Monday, 14 March 2016

The Woodville Curse

Croaky voice this morning. This cold has been brewing for a day or two and now its here. The sad thing is I cannot lie in bed like I used to! I'm more comfortable up and about. The paracetomol has lifted the worst of the symptoms so I'm doing some work before the effects wear off.

I'm reading The King's Curse by Philippa Gregory and finding it a depressing tale. One thing I had not realised before opening this book was how many Plantagenets were still around in Tudor times. A vast family, and most of them healthy, unlike the Tudors, who were the absolute opposite. Poor genes, or was it the curse? Gregory has taken up the rumour that Elizabeth Woodville and her daughter Elizabeth spun a curse on learning of the death of the young Plantagenet princes in the tower - whoever killed them would fail to rear sons and grandsons of their own. I first read this in the White Queen, and thought what a stroke of genius it was.

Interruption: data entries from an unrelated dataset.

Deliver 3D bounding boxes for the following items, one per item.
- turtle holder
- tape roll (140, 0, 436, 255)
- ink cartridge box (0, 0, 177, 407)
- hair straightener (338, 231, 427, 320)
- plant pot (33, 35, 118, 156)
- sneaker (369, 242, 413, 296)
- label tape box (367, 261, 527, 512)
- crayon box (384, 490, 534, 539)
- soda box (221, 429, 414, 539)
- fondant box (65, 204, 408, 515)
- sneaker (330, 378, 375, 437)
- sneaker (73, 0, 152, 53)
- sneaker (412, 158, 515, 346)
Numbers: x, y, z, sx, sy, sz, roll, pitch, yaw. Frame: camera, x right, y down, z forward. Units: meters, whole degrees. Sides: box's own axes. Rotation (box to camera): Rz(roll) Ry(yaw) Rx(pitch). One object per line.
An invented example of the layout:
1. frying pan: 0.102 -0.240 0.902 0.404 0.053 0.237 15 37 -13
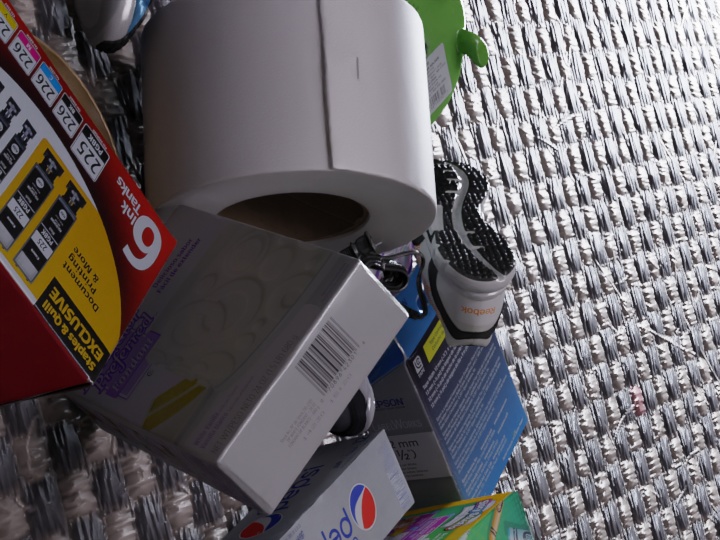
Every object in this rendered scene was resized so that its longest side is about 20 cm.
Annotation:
1. turtle holder: 0.002 -0.187 1.431 0.185 0.131 0.142 30 83 -57
2. tape roll: -0.050 -0.097 1.272 0.202 0.201 0.141 21 59 -52
3. ink cartridge box: -0.216 -0.028 1.047 0.201 0.083 0.176 57 37 -27
4. hair straightener: -0.006 0.010 1.280 0.199 0.077 0.041 12 45 -51
5. plant pot: -0.221 -0.056 1.154 0.199 0.027 0.202 29 54 -48
6. sneaker: 0.000 0.000 1.429 0.089 0.080 0.201 61 33 -34
7. label tape box: 0.056 0.084 1.469 0.201 0.066 0.144 66 33 -23
8. crayon box: 0.034 0.228 1.340 0.200 0.118 0.059 -28 100 -57
9. soda box: -0.039 0.188 1.292 0.200 0.068 0.064 -42 111 -55
10. fondant box: -0.084 0.048 1.121 0.058 0.199 0.145 46 72 -34
11. sneaker: -0.071 0.082 1.287 0.200 0.075 0.115 45 43 -30
12. sneaker: -0.194 -0.243 1.249 0.086 0.075 0.202 5 69 -42
13. sneaker: 0.065 -0.018 1.400 0.201 0.073 0.081 -101 -165 -57
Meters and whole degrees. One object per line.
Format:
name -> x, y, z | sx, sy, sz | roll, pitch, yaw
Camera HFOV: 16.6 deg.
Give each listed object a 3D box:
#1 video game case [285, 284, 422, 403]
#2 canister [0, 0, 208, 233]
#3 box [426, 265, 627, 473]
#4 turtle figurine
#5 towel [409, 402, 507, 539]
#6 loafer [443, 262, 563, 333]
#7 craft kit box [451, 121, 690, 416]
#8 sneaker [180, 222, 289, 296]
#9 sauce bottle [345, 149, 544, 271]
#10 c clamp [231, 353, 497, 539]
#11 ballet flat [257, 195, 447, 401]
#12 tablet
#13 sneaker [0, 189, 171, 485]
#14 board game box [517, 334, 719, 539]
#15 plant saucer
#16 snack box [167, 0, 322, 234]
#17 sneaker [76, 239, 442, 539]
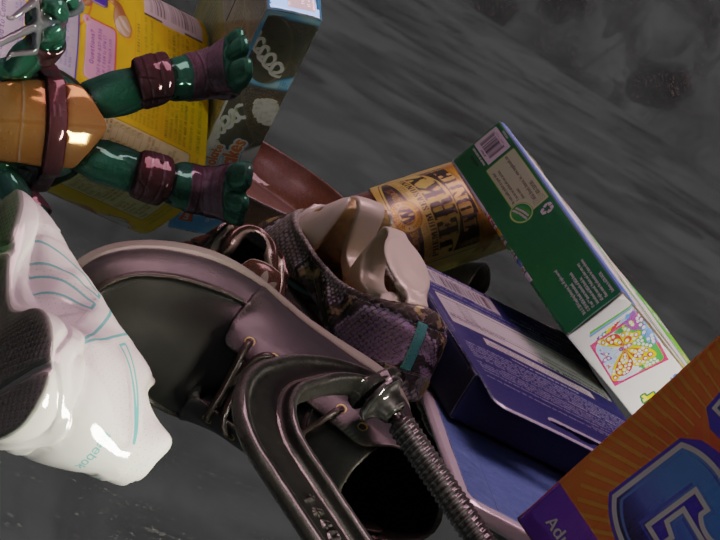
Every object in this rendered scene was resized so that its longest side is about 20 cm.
video game case -> 0.036, 0.042, 1.401 | 0.199, 0.018, 0.143 | 18, 18, -31
canister -> -0.185, -0.119, 1.412 | 0.199, 0.086, 0.150 | 25, 51, -36
box -> 0.087, 0.063, 1.310 | 0.121, 0.033, 0.200 | 27, 12, -21
turtle figurine -> -0.155, -0.073, 1.230 | 0.198, 0.151, 0.101 | 0, 16, -22
towel -> 0.122, 0.134, 1.328 | 0.199, 0.035, 0.193 | 25, 13, -19
loafer -> 0.057, 0.022, 1.553 | 0.199, 0.070, 0.070 | 32, 12, 12
craft kit box -> 0.150, 0.032, 1.441 | 0.198, 0.048, 0.200 | 45, 9, -34
sneaker -> -0.064, 0.009, 1.300 | 0.070, 0.076, 0.200 | 26, 12, -14
sauce bottle -> 0.024, -0.022, 1.498 | 0.199, 0.065, 0.065 | -21, 42, -31
c clamp -> 0.030, 0.112, 1.085 | 0.200, 0.027, 0.170 | 52, 34, 10
ballet flat -> 0.000, 0.000, 1.316 | 0.072, 0.072, 0.200 | 23, 16, -28
tablet -> 0.090, 0.110, 1.236 | 0.129, 0.014, 0.200 | 29, 12, -13
sneaker -> -0.136, 0.034, 1.072 | 0.080, 0.071, 0.201 | 34, 14, -29
board game box -> 0.235, 0.128, 1.089 | 0.199, 0.200, 0.200 | 10, 40, -57
plant saucer -> -0.090, -0.064, 1.651 | 0.199, 0.035, 0.200 | 28, 12, -6
snack box -> -0.074, -0.128, 1.477 | 0.037, 0.200, 0.117 | 9, 50, -18
sneaker -> -0.046, 0.055, 1.154 | 0.199, 0.075, 0.106 | 26, 13, -24
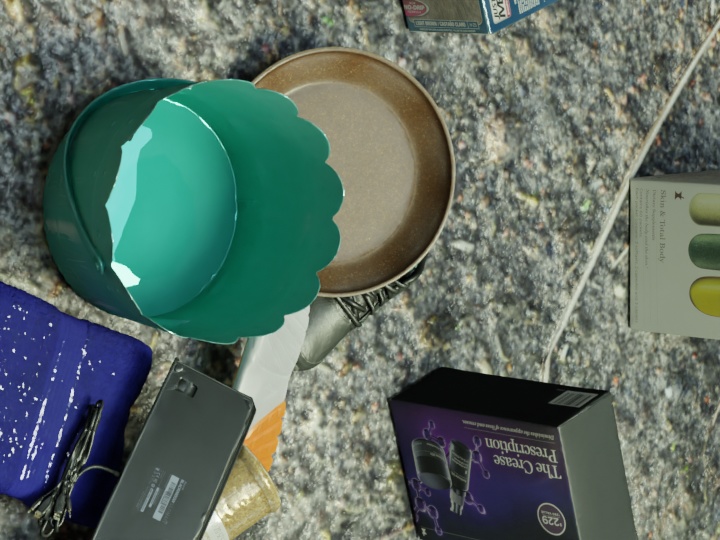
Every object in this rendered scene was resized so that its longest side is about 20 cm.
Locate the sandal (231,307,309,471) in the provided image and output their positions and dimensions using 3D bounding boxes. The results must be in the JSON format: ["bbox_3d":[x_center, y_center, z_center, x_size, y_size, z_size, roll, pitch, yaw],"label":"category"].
[{"bbox_3d":[-0.098,0.100,1.709,0.079,0.059,0.208,11,101,-56],"label":"sandal"}]

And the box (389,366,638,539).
[{"bbox_3d":[0.131,0.171,1.841,0.079,0.199,0.142,-30,113,-38],"label":"box"}]

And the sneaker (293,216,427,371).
[{"bbox_3d":[0.000,0.000,1.782,0.075,0.079,0.201,50,63,-36],"label":"sneaker"}]

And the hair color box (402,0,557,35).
[{"bbox_3d":[0.136,-0.266,1.867,0.199,0.100,0.061,-29,115,-38],"label":"hair color box"}]

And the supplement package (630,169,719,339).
[{"bbox_3d":[0.383,-0.015,2.063,0.150,0.199,0.153,-7,99,-43],"label":"supplement package"}]

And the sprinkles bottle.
[{"bbox_3d":[-0.157,0.208,1.622,0.199,0.068,0.069,-35,119,-15],"label":"sprinkles bottle"}]

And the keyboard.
[{"bbox_3d":[-0.168,0.159,1.585,0.127,0.021,0.201,28,69,-12],"label":"keyboard"}]

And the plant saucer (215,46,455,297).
[{"bbox_3d":[-0.023,-0.080,1.734,0.199,0.037,0.202,0,92,-12],"label":"plant saucer"}]

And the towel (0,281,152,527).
[{"bbox_3d":[-0.251,0.095,1.575,0.200,0.049,0.149,28,72,-44],"label":"towel"}]

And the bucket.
[{"bbox_3d":[-0.131,-0.047,1.595,0.206,0.134,0.209,-3,95,-36],"label":"bucket"}]
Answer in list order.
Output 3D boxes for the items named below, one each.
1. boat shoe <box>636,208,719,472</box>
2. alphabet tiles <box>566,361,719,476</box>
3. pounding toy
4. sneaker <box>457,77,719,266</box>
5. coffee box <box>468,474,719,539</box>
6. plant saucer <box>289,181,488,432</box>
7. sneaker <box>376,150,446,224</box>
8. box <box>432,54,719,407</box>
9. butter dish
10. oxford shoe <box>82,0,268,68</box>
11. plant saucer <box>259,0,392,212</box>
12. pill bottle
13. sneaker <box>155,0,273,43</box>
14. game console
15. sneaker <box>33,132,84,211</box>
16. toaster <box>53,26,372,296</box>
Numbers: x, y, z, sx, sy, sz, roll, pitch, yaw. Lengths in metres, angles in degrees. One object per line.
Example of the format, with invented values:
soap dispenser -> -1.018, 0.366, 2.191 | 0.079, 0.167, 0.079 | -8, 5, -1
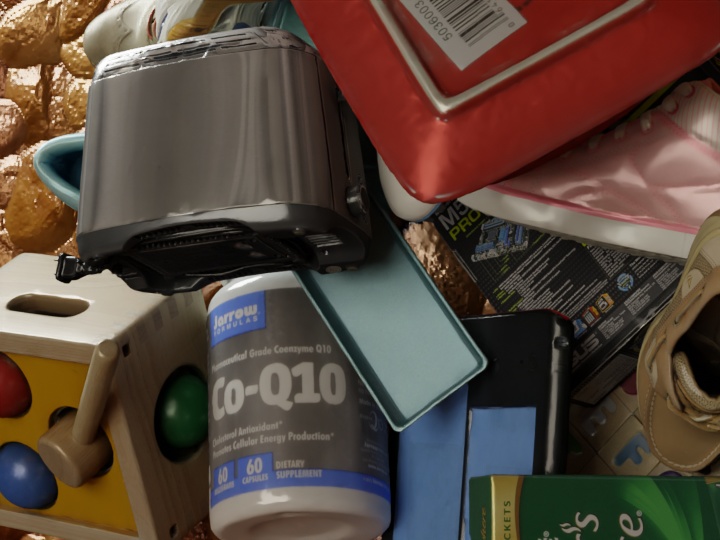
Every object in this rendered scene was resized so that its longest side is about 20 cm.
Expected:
boat shoe -> 0.187, 0.053, 1.167 | 0.071, 0.201, 0.065 | 14, 49, 9
alphabet tiles -> 0.133, 0.146, 1.291 | 0.200, 0.006, 0.167 | -50, 60, 16
pounding toy -> -0.174, 0.085, 1.368 | 0.199, 0.142, 0.185 | 6, 121, 33
sneaker -> 0.157, -0.061, 1.211 | 0.199, 0.075, 0.105 | 12, 91, 26
coffee box -> 0.158, 0.174, 1.174 | 0.044, 0.199, 0.124 | 152, 121, -75
plant saucer -> 0.000, 0.000, 1.290 | 0.070, 0.019, 0.200 | -37, 66, 9
sneaker -> 0.022, -0.126, 1.266 | 0.072, 0.072, 0.201 | -17, 70, 49
box -> 0.155, -0.042, 1.280 | 0.200, 0.044, 0.160 | -45, 60, 17
butter dish -> 0.082, -0.130, 1.182 | 0.199, 0.148, 0.200 | -28, 64, -2
oxford shoe -> -0.119, -0.176, 1.460 | 0.199, 0.075, 0.071 | -10, 77, 31
plant saucer -> 0.016, -0.137, 1.331 | 0.199, 0.027, 0.201 | -3, 82, 26
pill bottle -> -0.040, 0.067, 1.343 | 0.113, 0.114, 0.201 | -16, 65, 29
sneaker -> -0.078, -0.204, 1.324 | 0.200, 0.075, 0.089 | -34, 58, 49
game console -> 0.066, 0.126, 1.269 | 0.177, 0.031, 0.201 | -10, 75, 63
sneaker -> -0.140, -0.053, 1.450 | 0.199, 0.082, 0.074 | 6, 87, 33
toaster -> -0.088, -0.063, 1.271 | 0.199, 0.114, 0.130 | -8, 71, 22
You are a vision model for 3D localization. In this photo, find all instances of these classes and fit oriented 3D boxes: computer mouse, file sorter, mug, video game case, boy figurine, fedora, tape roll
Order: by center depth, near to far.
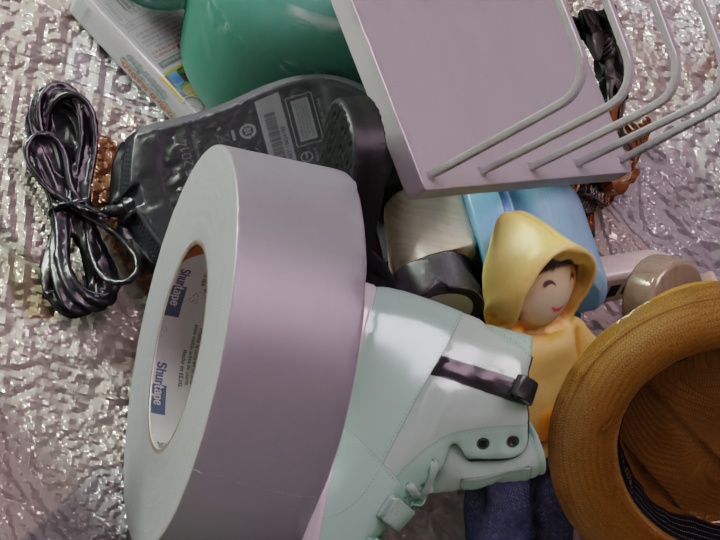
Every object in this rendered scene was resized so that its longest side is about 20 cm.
[{"bbox_3d":[-0.059,0.043,1.295,0.066,0.200,0.200,11,50,-16],"label":"tape roll"},{"bbox_3d":[0.184,0.069,1.351,0.200,0.201,0.082,17,32,-17],"label":"fedora"},{"bbox_3d":[0.093,0.069,1.380,0.124,0.200,0.064,-4,13,-33],"label":"boy figurine"},{"bbox_3d":[0.102,-0.129,1.389,0.200,0.124,0.139,-7,73,-53],"label":"file sorter"},{"bbox_3d":[-0.075,-0.049,1.427,0.200,0.053,0.139,-11,67,3],"label":"computer mouse"},{"bbox_3d":[-0.032,-0.152,1.481,0.185,0.114,0.152,-8,57,-19],"label":"mug"},{"bbox_3d":[-0.043,-0.128,1.570,0.182,0.023,0.200,47,46,11],"label":"video game case"}]

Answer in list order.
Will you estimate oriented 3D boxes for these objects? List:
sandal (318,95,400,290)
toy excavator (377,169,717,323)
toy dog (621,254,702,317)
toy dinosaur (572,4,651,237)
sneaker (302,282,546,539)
[{"bbox_3d":[0.000,0.000,1.363,0.048,0.201,0.075,-3,44,-16],"label":"sandal"},{"bbox_3d":[0.111,0.005,1.482,0.200,0.195,0.100,-12,56,-3],"label":"toy excavator"},{"bbox_3d":[0.211,0.079,1.467,0.200,0.132,0.096,40,75,-24],"label":"toy dog"},{"bbox_3d":[0.120,-0.079,1.580,0.200,0.102,0.136,-9,86,-81],"label":"toy dinosaur"},{"bbox_3d":[0.028,0.114,1.305,0.118,0.074,0.201,12,91,0],"label":"sneaker"}]

When daughter Elizabeth married Henry Tudor she became a victim of that curse, for her eldest son Arthur died very young. Her second son lived, but most of his children died in the womb or shortly afterwards. One son survived into his teens before he died. Two girls lived into adulthood - Mary and Elizabeth. His one illegitimate but acknowledged son died young. It was not a prolific record for a king with so many rumoured extramarital affairs.

Believe in curses or not, there is a strange rightness to the fact that it exonerates Richard III because I think I am right in saying that though his son died, he died before the Princes in the tower, and before the curse was made.